Task ->
After locating the line that contains "#5 car (1148,597,1294,704)" in the records below, write out exactly that line and each line after it through the one that contains "#13 car (656,581,803,645)", and nothing else.

Entries supplied ->
----
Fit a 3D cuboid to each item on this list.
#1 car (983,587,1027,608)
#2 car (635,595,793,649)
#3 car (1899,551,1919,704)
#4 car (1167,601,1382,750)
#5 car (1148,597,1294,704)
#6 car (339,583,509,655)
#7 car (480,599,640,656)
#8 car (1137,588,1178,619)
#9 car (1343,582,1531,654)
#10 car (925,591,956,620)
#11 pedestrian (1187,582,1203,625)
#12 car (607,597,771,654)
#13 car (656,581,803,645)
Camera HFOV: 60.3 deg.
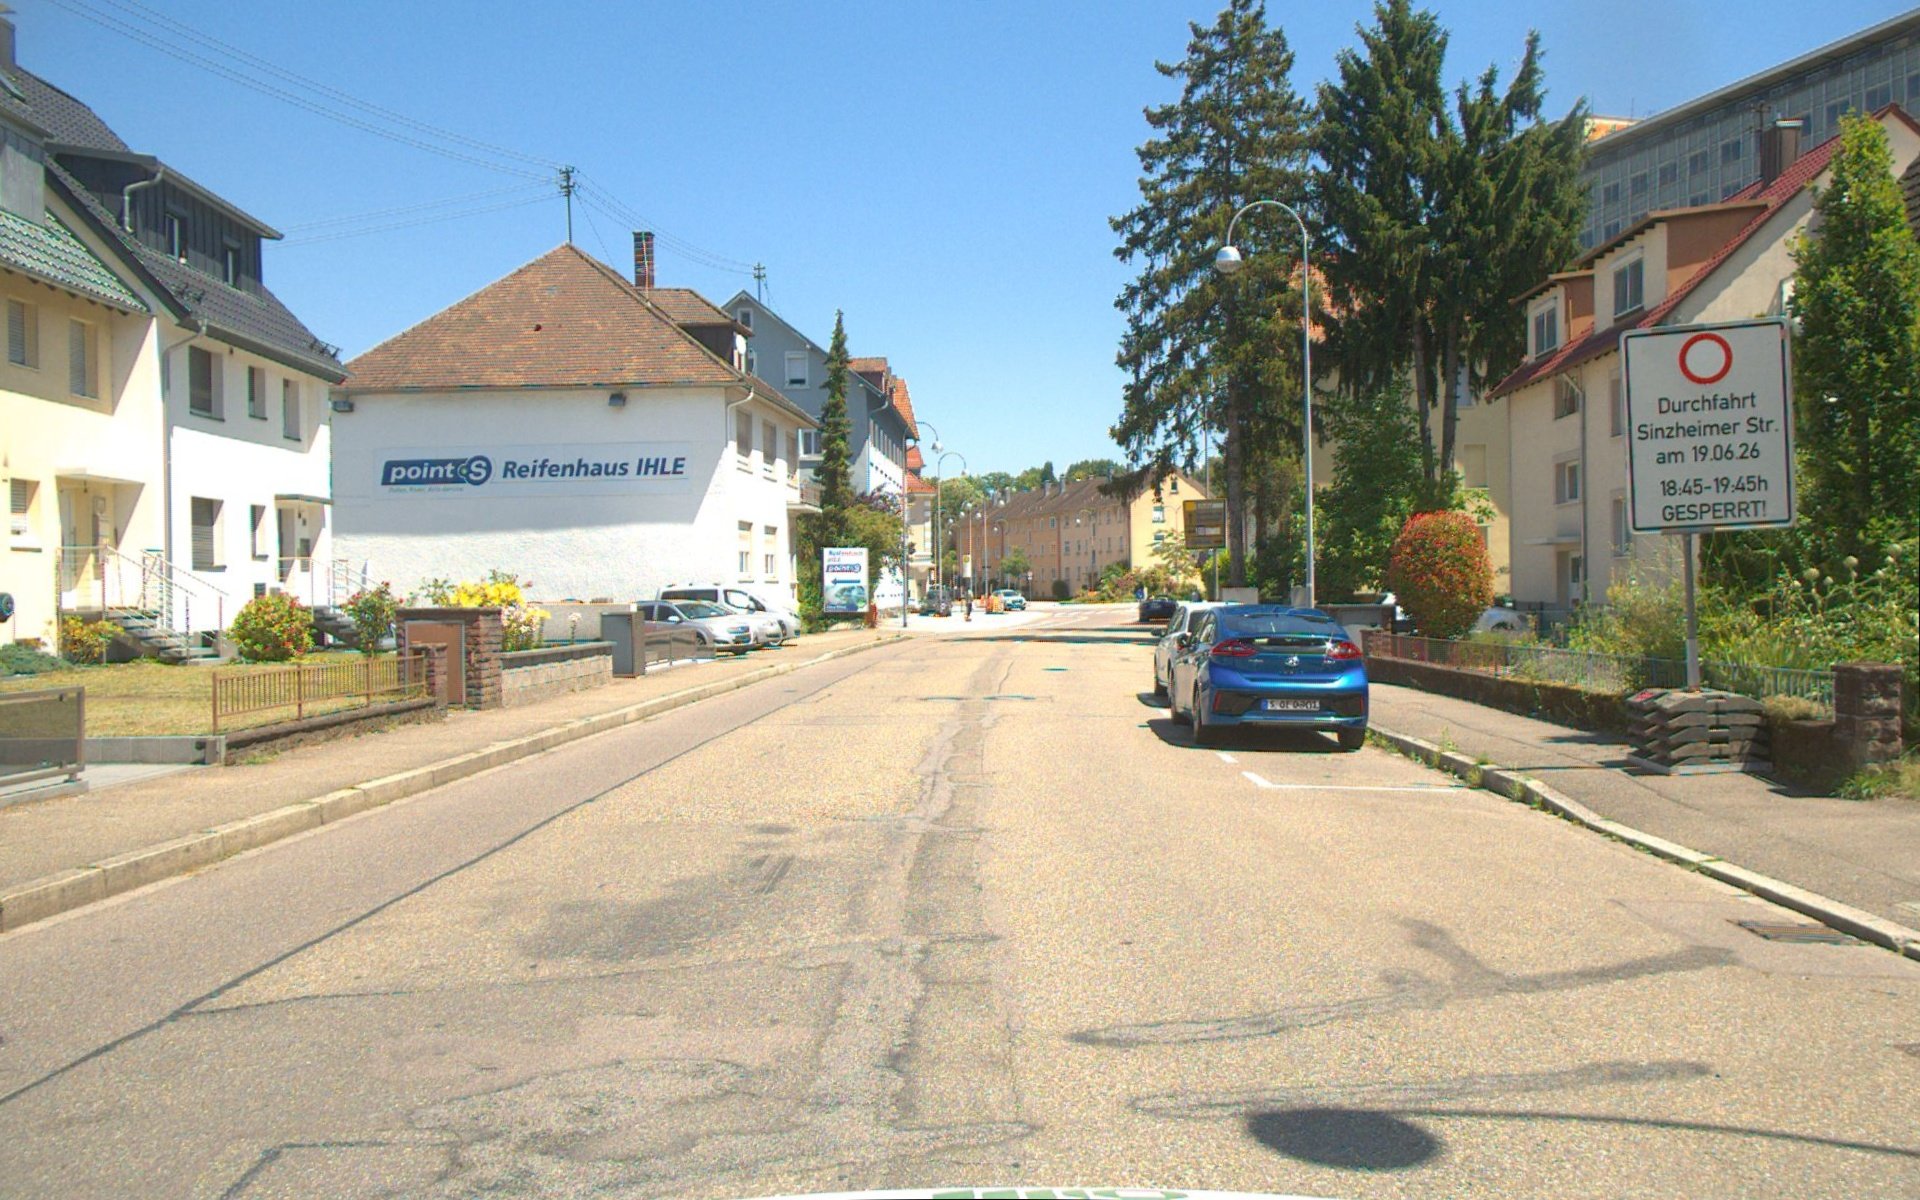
[{"bbox_3d":[3.441,-0.211,127.769,1.586,1.634,3.360,-1,1,-40],"label":"car"},{"bbox_3d":[-6.776,0.588,45.789,4.043,1.419,1.829,-1,0,1],"label":"car"},{"bbox_3d":[10.911,0.241,15.584,1.758,1.597,3.999,-2,0,-1],"label":"car"},{"bbox_3d":[3.407,0.751,18.655,1.741,1.430,4.287,1,0,2],"label":"car"},{"bbox_3d":[3.869,0.699,25.068,1.689,1.444,4.015,1,0,2],"label":"car"},{"bbox_3d":[-12.166,0.395,37.467,3.923,1.536,1.792,0,1,38],"label":"car"},{"bbox_3d":[-10.268,0.673,42.380,4.059,1.367,1.827,0,1,36],"label":"car"},{"bbox_3d":[10.159,0.146,84.829,1.756,1.536,4.004,0,1,12],"label":"car"},{"bbox_3d":[11.105,0.405,38.707,3.904,1.639,1.834,0,0,1],"label":"car"},{"bbox_3d":[-1.154,0.343,98.703,1.721,1.685,4.001,0,0,2],"label":"car"},{"bbox_3d":[9.962,0.154,70.091,0.674,1.801,0.692,0,-2,9],"label":"pedestrian"},{"bbox_3d":[-7.026,0.638,42.798,4.059,1.367,1.904,0,1,36],"label":"car"},{"bbox_3d":[-6.688,0.364,48.349,4.045,1.805,1.828,-1,0,-2],"label":"car"}]
----
Response area ->
#5 car (1148,597,1294,704)
#6 car (339,583,509,655)
#7 car (480,599,640,656)
#8 car (1137,588,1178,619)
#9 car (1343,582,1531,654)
#10 car (925,591,956,620)
#11 pedestrian (1187,582,1203,625)
#12 car (607,597,771,654)
#13 car (656,581,803,645)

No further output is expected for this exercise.